=== Task prompt ===
Start with the first line of the records below. Output each line exactly, ending with the one that contains "21. cardboard box [0,358,98,436]".

(Information shown begins)

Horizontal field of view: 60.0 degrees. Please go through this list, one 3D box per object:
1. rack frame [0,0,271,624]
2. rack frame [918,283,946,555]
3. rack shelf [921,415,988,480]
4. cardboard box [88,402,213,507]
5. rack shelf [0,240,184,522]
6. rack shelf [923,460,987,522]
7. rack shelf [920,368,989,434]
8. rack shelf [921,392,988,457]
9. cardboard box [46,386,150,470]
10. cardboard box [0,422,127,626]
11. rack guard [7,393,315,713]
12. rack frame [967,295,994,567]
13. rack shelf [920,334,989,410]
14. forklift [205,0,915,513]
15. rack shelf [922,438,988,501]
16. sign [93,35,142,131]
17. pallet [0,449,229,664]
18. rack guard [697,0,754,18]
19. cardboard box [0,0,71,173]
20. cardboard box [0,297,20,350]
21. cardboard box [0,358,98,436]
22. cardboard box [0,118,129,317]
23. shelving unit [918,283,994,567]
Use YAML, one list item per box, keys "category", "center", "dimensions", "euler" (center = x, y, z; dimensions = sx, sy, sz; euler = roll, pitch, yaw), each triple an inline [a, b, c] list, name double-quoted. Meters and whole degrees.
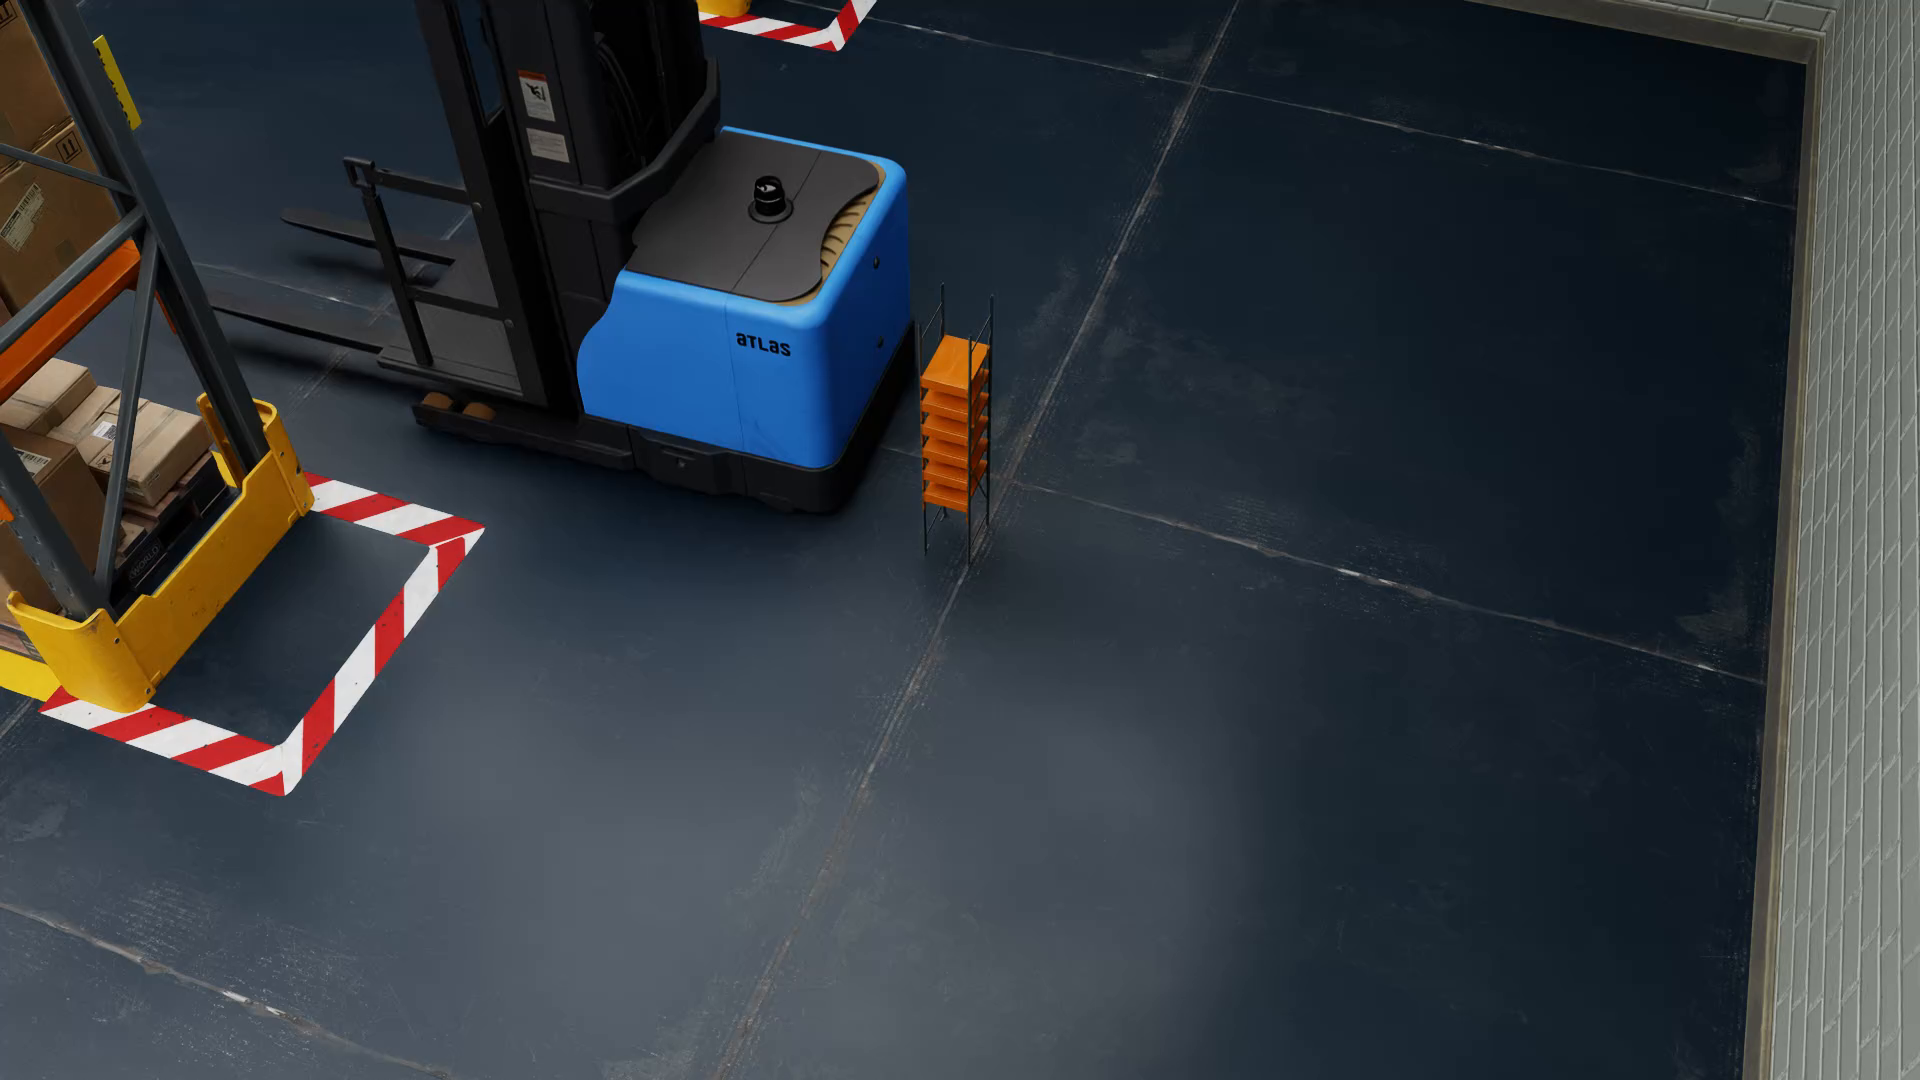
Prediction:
- category: "rack frame"
  center: [-2.894, -0.775, 5.303]
  dimensions: [0.127, 3.000, 1.000]
  euler: [16, 51, 13]
- category: "rack frame"
  center: [-0.099, -0.421, 6.187]
  dimensions: [0.006, 1.200, 0.240]
  euler: [16, 51, 13]
- category: "rack shelf"
  center: [-0.014, -0.368, 6.200]
  dimensions: [0.180, 0.103, 0.258]
  euler: [16, 51, 13]
- category: "cardboard box"
  center: [-3.168, -0.338, 6.520]
  dimensions: [0.250, 0.149, 0.380]
  euler: [16, 51, 13]
- category: "rack shelf"
  center: [-4.770, -1.063, 6.029]
  dimensions: [4.000, 0.370, 1.077]
  euler: [16, 51, 13]
- category: "rack shelf"
  center: [-0.014, -0.210, 6.381]
  dimensions: [0.180, 0.103, 0.258]
  euler: [16, 51, 13]
- category: "rack shelf"
  center: [-0.014, -0.525, 6.019]
  dimensions: [0.180, 0.103, 0.258]
  euler: [16, 51, 13]
- category: "rack shelf"
  center: [-0.014, -0.446, 6.109]
  dimensions: [0.180, 0.103, 0.258]
  euler: [16, 51, 13]
- category: "cardboard box"
  center: [-3.402, -0.410, 6.570]
  dimensions: [0.250, 0.166, 0.380]
  euler: [16, 51, 13]
- category: "cardboard box"
  center: [-3.490, -0.068, 6.054]
  dimensions: [0.500, 0.500, 0.500]
  euler: [16, 51, 13]
- category: "rack guard"
  center: [-2.966, 0.024, 6.265]
  dimensions: [0.348, 0.500, 1.175]
  euler: [16, 51, 13]
- category: "rack frame"
  center: [0.072, -0.373, 6.146]
  dimensions: [0.006, 1.200, 0.240]
  euler: [16, 51, 13]
- category: "rack shelf"
  center: [-0.014, -0.603, 5.928]
  dimensions: [0.180, 0.103, 0.258]
  euler: [16, 51, 13]
- category: "forklift"
  center: [-1.768, -1.736, 6.182]
  dimensions: [3.031, 2.935, 1.130]
  euler: [14, 51, 12]
- category: "rack shelf"
  center: [-0.014, -0.289, 6.291]
  dimensions: [0.180, 0.103, 0.258]
  euler: [16, 51, 13]
- category: "sign"
  center: [-2.706, -1.443, 5.309]
  dimensions: [0.005, 0.325, 0.100]
  euler: [16, 51, 13]
- category: "pallet"
  center: [-3.714, -0.089, 6.555]
  dimensions: [1.213, 0.211, 1.003]
  euler: [16, 51, 13]
- category: "rack guard"
  center: [-1.159, -3.462, 9.286]
  dimensions: [0.348, 0.500, 1.175]
  euler: [16, 51, 13]
- category: "cardboard box"
  center: [-3.219, -1.438, 5.150]
  dimensions: [0.500, 0.500, 0.500]
  euler: [17, 51, 14]
- category: "cardboard box"
  center: [-3.409, -0.732, 5.200]
  dimensions: [0.500, 0.500, 0.500]
  euler: [17, 51, 14]
- category: "cardboard box"
  center: [-3.775, -0.493, 6.587]
  dimensions: [0.500, 0.250, 0.500]
  euler: [16, 51, 13]
- category: "cardboard box"
  center: [-3.219, -1.111, 5.528]
  dimensions: [0.500, 0.500, 0.500]
  euler: [17, 51, 14]
- category: "shelving unit"
  center: [-0.014, -0.397, 6.166]
  dimensions: [0.189, 1.200, 0.258]
  euler: [16, 51, 13]

(Information shown ends)

=== Completed task ===
Horizontal field of view: 60.0 degrees. Please go through this list, one 3D box per object:
1. rack frame [0,0,271,624]
2. rack frame [918,283,946,555]
3. rack shelf [921,415,988,480]
4. cardboard box [88,402,213,507]
5. rack shelf [0,240,184,522]
6. rack shelf [923,460,987,522]
7. rack shelf [920,368,989,434]
8. rack shelf [921,392,988,457]
9. cardboard box [46,386,150,470]
10. cardboard box [0,422,127,626]
11. rack guard [7,393,315,713]
12. rack frame [967,295,994,567]
13. rack shelf [920,334,989,410]
14. forklift [205,0,915,513]
15. rack shelf [922,438,988,501]
16. sign [93,35,142,131]
17. pallet [0,449,229,664]
18. rack guard [697,0,754,18]
19. cardboard box [0,0,71,173]
20. cardboard box [0,297,20,350]
21. cardboard box [0,358,98,436]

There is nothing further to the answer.